──────── Data for this exercise ────────

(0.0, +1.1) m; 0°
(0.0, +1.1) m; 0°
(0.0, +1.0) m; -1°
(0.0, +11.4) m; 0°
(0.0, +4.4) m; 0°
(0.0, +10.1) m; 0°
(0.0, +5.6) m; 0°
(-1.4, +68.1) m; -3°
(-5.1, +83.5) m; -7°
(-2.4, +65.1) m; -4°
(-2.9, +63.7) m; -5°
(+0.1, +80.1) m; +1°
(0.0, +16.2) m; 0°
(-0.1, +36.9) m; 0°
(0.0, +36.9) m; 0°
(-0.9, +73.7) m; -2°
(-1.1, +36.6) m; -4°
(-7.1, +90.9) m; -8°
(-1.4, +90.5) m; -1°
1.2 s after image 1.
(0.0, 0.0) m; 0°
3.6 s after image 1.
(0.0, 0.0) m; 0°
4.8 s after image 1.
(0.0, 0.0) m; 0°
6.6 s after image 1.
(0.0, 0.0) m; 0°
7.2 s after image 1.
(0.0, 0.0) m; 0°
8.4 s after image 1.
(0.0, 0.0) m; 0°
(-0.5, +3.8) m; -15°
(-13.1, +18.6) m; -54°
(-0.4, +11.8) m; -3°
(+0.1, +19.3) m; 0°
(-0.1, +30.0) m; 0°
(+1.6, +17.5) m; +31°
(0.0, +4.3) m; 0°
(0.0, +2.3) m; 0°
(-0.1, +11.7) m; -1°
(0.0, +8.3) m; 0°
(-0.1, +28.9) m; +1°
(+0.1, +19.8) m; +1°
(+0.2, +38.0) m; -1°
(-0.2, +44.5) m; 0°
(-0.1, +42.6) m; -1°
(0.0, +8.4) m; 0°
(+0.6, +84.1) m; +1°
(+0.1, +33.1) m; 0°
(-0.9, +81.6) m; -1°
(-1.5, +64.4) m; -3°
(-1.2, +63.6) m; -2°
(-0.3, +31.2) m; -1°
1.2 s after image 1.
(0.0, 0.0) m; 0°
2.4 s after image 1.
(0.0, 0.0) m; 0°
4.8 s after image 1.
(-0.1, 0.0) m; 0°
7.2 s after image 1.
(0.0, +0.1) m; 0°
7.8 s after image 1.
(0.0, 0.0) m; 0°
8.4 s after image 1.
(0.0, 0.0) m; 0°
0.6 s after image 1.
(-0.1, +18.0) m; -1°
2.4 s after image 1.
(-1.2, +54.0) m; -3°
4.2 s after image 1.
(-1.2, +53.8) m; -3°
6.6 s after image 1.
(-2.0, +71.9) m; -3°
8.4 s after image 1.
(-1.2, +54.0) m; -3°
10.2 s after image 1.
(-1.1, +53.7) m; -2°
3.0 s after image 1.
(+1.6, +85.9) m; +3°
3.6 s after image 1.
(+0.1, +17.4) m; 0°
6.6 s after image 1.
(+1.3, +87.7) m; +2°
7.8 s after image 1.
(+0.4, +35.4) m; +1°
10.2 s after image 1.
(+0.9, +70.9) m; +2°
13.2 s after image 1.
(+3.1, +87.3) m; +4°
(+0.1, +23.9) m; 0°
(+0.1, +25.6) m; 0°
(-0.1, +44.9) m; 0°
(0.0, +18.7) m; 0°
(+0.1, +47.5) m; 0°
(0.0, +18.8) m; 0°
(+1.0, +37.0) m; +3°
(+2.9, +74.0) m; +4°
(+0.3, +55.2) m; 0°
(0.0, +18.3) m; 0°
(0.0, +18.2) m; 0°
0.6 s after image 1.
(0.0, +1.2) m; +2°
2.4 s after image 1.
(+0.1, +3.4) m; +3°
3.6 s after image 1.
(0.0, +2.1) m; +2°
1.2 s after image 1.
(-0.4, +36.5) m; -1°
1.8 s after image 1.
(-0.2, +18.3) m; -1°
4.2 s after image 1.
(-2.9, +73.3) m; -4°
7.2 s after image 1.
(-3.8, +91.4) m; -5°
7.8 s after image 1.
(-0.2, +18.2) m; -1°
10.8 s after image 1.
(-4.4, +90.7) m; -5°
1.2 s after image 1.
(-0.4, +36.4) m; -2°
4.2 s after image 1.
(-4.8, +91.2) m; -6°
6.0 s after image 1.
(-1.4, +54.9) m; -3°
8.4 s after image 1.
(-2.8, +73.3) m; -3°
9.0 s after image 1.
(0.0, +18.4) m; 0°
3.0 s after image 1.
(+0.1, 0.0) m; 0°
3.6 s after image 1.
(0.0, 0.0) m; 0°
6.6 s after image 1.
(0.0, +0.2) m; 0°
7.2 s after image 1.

────────

> **Aim of the exercise**
Only the lines from the one with "13.2 s after image 1." through the end of the data should be printed, each exactly as it appears.

> **Response to the exercise**
13.2 s after image 1.
(+3.1, +87.3) m; +4°
(+0.1, +23.9) m; 0°
(+0.1, +25.6) m; 0°
(-0.1, +44.9) m; 0°
(0.0, +18.7) m; 0°
(+0.1, +47.5) m; 0°
(0.0, +18.8) m; 0°
(+1.0, +37.0) m; +3°
(+2.9, +74.0) m; +4°
(+0.3, +55.2) m; 0°
(0.0, +18.3) m; 0°
(0.0, +18.2) m; 0°
0.6 s after image 1.
(0.0, +1.2) m; +2°
2.4 s after image 1.
(+0.1, +3.4) m; +3°
3.6 s after image 1.
(0.0, +2.1) m; +2°
1.2 s after image 1.
(-0.4, +36.5) m; -1°
1.8 s after image 1.
(-0.2, +18.3) m; -1°
4.2 s after image 1.
(-2.9, +73.3) m; -4°
7.2 s after image 1.
(-3.8, +91.4) m; -5°
7.8 s after image 1.
(-0.2, +18.2) m; -1°
10.8 s after image 1.
(-4.4, +90.7) m; -5°
1.2 s after image 1.
(-0.4, +36.4) m; -2°
4.2 s after image 1.
(-4.8, +91.2) m; -6°
6.0 s after image 1.
(-1.4, +54.9) m; -3°
8.4 s after image 1.
(-2.8, +73.3) m; -3°
9.0 s after image 1.
(0.0, +18.4) m; 0°
3.0 s after image 1.
(+0.1, 0.0) m; 0°
3.6 s after image 1.
(0.0, 0.0) m; 0°
6.6 s after image 1.
(0.0, +0.2) m; 0°
7.2 s after image 1.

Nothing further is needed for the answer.